Streaming Bayesian Modeling for predicting Fat-Tailed Customer Lifetime Value

paper_url: http://arxiv.org/abs/2312.00373
repo_url: None
paper_authors: Alexey V. Calabourdin, Konstantin A. Aksenov
for: 这篇论文是为了应用在层次确率模型和GLMS上的在线学习MCMC方法。
methods: 这篇论文使用了在线学习MCMC方法，可以应用于层次确率模型和GLMS。它还开发了一个可以扩展至多种脂肪尾和细长尾的脂肪尾LTV模型。
results: 这篇论文在一个大型移动应用上评估了这两个开发，并获得了良好的结果。

Abstract
We develop an online learning MCMC approach applicable for hierarchical bayesian models and GLMS. We also develop a fat-tailed LTV model that generalizes over several kinds of fat and thin tails. We demonstrate both developments on commercial LTV data from a large mobile app.

摘要
我们开发了一种在线学习MCMC方法，可应用于层次权重模型和GLMS。我们还开发了一种总体化多种脂肪和瘦 tail 的 LTV 模型。我们在一家大型移动应用商业LTV数据上进行了示例。Here's a word-for-word translation:我们开发了一种在线学习MCMC方法，可应用于层次权重模型和GLMS。我们还开发了一种总体化多种脂肪和瘦 tail 的 LTV 模型。我们在一家大型移动应用商业LTV数据上进行了示例。Note that Simplified Chinese is the standard writing system used in mainland China, while Traditional Chinese is used in Taiwan and other parts of the world.

Temperature Balancing, Layer-wise Weight Analysis, and Neural Network Training

paper_url: http://arxiv.org/abs/2312.00359
repo_url: https://github.com/yefanzhou/tempbalance
paper_authors: Yefan Zhou, Tianyu Pang, Keqin Liu, Charles H. Martin, Michael W. Mahoney, Yaoqing Yang
for: This paper focuses on improving the training of neural networks by using a layer-wise learning rate method called TempBalance, which is based on Heavy-Tailed Self-Regularization (HT-SR) theory.
methods: The paper proposes using HT-SR-motivated metrics to guide the scheduling and balancing of temperature across all network layers during model training, resulting in improved performance during testing.
results: The paper shows that TempBalance significantly outperforms ordinary SGD and carefully-tuned spectral norm regularization on several benchmark datasets, including CIFAR10, CIFAR100, SVHN, and TinyImageNet, using ResNets, VGGs, and WideResNets with various depths and widths. Additionally, TempBalance outperforms a number of state-of-the-art optimizers and learning rate schedulers.

Abstract
Regularization in modern machine learning is crucial, and it can take various forms in algorithmic design: training set, model family, error function, regularization terms, and optimizations.
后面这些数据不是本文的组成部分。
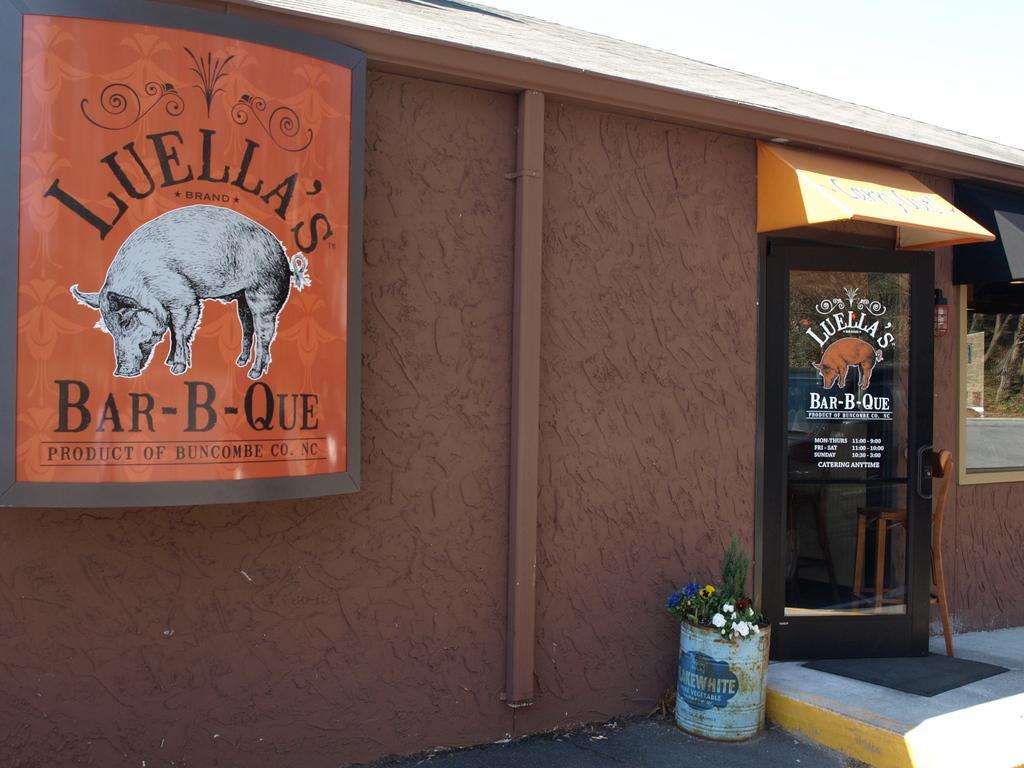Can you describe this image briefly? It seems like a house in the image. There is a board attached to the wall and there is a door on the right side of this image. There are flower plants at the bottom of this image. 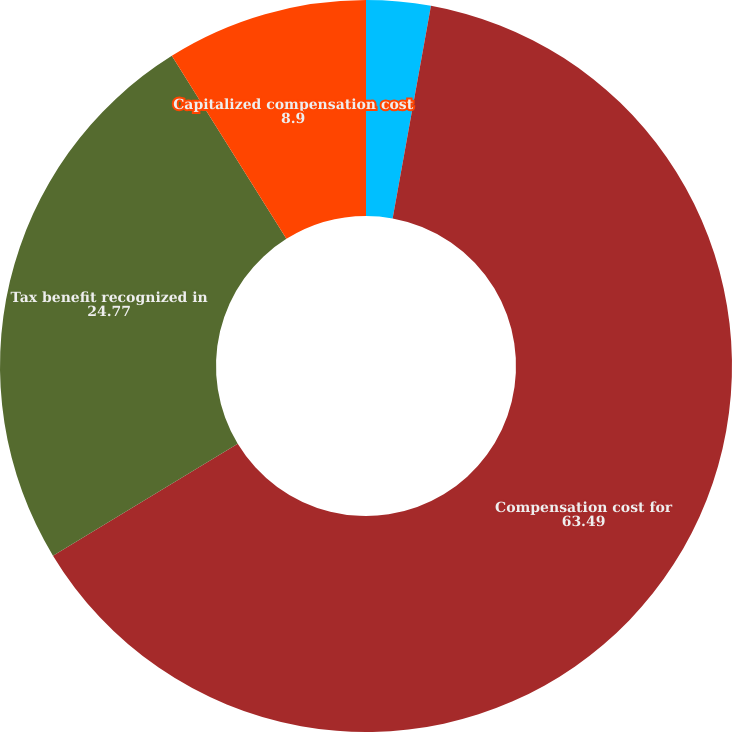Convert chart. <chart><loc_0><loc_0><loc_500><loc_500><pie_chart><fcel>(Thousands of Dollars)<fcel>Compensation cost for<fcel>Tax benefit recognized in<fcel>Capitalized compensation cost<nl><fcel>2.84%<fcel>63.49%<fcel>24.77%<fcel>8.9%<nl></chart>

In particular, the learning rate, which can be interpreted as a temperature-like parameter within the statistical mechanics of learning, plays a crucial role in neural network training. Indeed, many widely adopted training strategies basically just define the decay of the learning rate over time. This process can be interpreted as decreasing a temperature, using either a global learning rate (for the entire model) or a learning rate that varies for each parameter. This paper proposes TempBalance, a straightforward yet effective layer-wise learning rate method. TempBalance is based on Heavy-Tailed Self-Regularization (HT-SR) Theory, an approach which characterizes the implicit self-regularization of different layers in trained models. We demonstrate the efficacy of using HT-SR-motivated metrics to guide the scheduling and balancing of temperature across all network layers during model training, resulting in improved performance during testing. We implement TempBalance on CIFAR10, CIFAR100, SVHN, and TinyImageNet datasets using ResNets, VGGs, and WideResNets with various depths and widths. Our results show that TempBalance significantly outperforms ordinary SGD and carefully-tuned spectral norm regularization. We also show that TempBalance outperforms a number of state-of-the-art optimizers and learning rate schedulers.

摘要
现代机器学习中的正则化非常重要，它可以通过训练集、模型家族、错误函数、正则化项和优化器的不同形式来实现。特别是学习率，可以被看作机器学习中的温度类参数，在神经网络训练中扮演着关键角色。实际上，许多广泛采用的训练策略都是通过时间的滑动来定义学习率的减少。这个过程可以被看作是降低温度的过程，使用全局学习率（整个模型）或者是变化的学习率（每个参数）。本文提出了TempBalance，一种简单而有效的层wise学习率方法。TempBalance基于重 tailed自 regulization（HT-SR）理论，该理论描述了不同层的训练模型中的隐式自 regulization。我们示出了使用HT-SR驱动的指标来导航和平衡整个网络层的学习率 durante el entrenamiento，以提高测试时的性能。我们在CIFAR10、CIFAR100、SVHN和TinyImageNet datasets上使用ResNets、VGGs和WideResNets等不同深度和宽度的模型进行实现 TempBalance。我们的结果表明，TempBalance在测试时的性能明显超过了普通的SGD和仔细调整的spectral norm regularization。我们还示出了TempBalance在多种状态 искус智的优化器和学习率调整器上的性能优势。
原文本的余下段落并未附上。